Many valid points on original post (despite attitude), but I’m not sure if he realized some properties for particles can be driven by texture/material data. Fade in/out with particle time texture input and gradients, etc. Not readily obvious though, and they do take a bit of digging to get at.

Freelancers need those things even more so. A large team can handle inconveniences in a workflow. Individuals cannot afford issues like this.

I mentioned the particle nodes system that quietly disappeared nearly two years ago (which SHOULD be a priority development). And yes I am aware of using ramps for color and alpha over time, but it’s not only unintuitively implemented, doesn’t even scratch the surface for what is needed in particle animation.

The mailing list had an indication of a particle refactor branch being worked on by Lukas, so he seems to be making progress towards getting Blender a much better particle system (and create a better justification for this forum to exist).

@Mr_Lange I can’t be more agree with your points. Personally, I believe the Blender needs 2 (two) small improvements with big consequences to increase it’s usability and user base dramatically:

  1. Driver ‘Age’ – which will produce the time in frames since the instance/object became visible (hide_render = False). So, if I will be able to put it in size/color/transparency/etc calculation. For example, when object will be instanced by the particle system, the formula will be taken into account. This will be good not just only for particles, but for them too.

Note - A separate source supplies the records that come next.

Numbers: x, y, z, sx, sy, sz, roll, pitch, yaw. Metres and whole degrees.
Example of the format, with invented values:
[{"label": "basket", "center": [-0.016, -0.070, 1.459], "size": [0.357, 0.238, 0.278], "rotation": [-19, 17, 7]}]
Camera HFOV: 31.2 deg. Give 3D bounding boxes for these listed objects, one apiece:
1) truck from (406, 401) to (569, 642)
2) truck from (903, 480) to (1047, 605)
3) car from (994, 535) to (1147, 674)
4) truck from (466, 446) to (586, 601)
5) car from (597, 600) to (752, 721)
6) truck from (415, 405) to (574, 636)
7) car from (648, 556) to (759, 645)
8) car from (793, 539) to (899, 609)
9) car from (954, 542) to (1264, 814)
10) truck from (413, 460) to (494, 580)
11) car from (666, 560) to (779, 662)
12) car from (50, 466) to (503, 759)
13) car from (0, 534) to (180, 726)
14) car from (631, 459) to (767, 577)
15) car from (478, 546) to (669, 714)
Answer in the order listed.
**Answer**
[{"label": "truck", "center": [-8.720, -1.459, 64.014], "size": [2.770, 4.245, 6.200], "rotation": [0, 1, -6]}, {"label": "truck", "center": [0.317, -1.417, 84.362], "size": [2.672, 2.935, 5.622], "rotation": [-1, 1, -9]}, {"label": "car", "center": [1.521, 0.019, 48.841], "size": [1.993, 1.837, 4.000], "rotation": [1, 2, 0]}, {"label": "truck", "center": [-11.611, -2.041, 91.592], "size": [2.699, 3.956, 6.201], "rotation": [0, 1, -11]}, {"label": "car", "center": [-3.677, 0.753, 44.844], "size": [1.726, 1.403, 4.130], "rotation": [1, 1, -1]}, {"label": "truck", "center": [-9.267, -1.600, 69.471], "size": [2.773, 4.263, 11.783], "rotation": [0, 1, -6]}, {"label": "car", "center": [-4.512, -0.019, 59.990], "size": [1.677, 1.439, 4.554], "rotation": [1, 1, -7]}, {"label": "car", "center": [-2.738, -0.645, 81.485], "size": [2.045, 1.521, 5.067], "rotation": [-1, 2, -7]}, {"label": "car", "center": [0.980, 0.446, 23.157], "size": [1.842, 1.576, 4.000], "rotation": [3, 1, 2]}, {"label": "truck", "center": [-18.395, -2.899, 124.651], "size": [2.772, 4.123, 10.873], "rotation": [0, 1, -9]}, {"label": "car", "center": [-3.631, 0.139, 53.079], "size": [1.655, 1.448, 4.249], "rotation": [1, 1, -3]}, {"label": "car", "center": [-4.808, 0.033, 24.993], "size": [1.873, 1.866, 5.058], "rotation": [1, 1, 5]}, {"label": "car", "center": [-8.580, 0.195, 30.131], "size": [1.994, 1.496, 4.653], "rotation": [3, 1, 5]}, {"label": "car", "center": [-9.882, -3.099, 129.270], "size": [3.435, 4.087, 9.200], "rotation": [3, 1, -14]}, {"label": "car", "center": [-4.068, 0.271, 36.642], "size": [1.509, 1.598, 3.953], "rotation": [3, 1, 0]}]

  2. Text-to-Texture. Why it isn’t possible to just add the text to the texture without all those (scary) baking voodoo dances? But it is just a side note.

Now back to particles. I was trying all sort of things in python to make Size-over-Age feature, and I’ve got very interesting results… to say the least.

In python I can change particle size during the change of frame phase and/or before render phase – I can get particle’s age and lifetime, divide one by another and use as a direct multiplier or via gray gradient color to map the age to the size. That’s what I did in python. And when I started the animation I saw this:

I was nearly jumping out of my shoes! But… When I rendered it in BI I’ve got this:

Cycles maybe? Nope, no chance.

So, no hope? But… wait, what about OpenGL render?

A-ha! Yafaray?..

Cool! Mitsuba:

The conclusion is obvious – internal engines parse the primitives in a DIFFERENT way comparing to the exporters. So, I believe any external renderer will work (most likely) correctly. But not the internal ones.

I don’t know, what exactly they are doing right before firing BI or Cycles (maybe some sort of extra pass or “optimization”), but please, guys if you reading this – change it, remove that extra pass and at least for now we will have a temporary solution. It will cool the things down and will give all of us a peace of mind. It will be also more logical to behave in a same way with all renderers anyway.

Thanks

P.s. I’m in the middle of finalizing the script so it will be provided in form of add-on.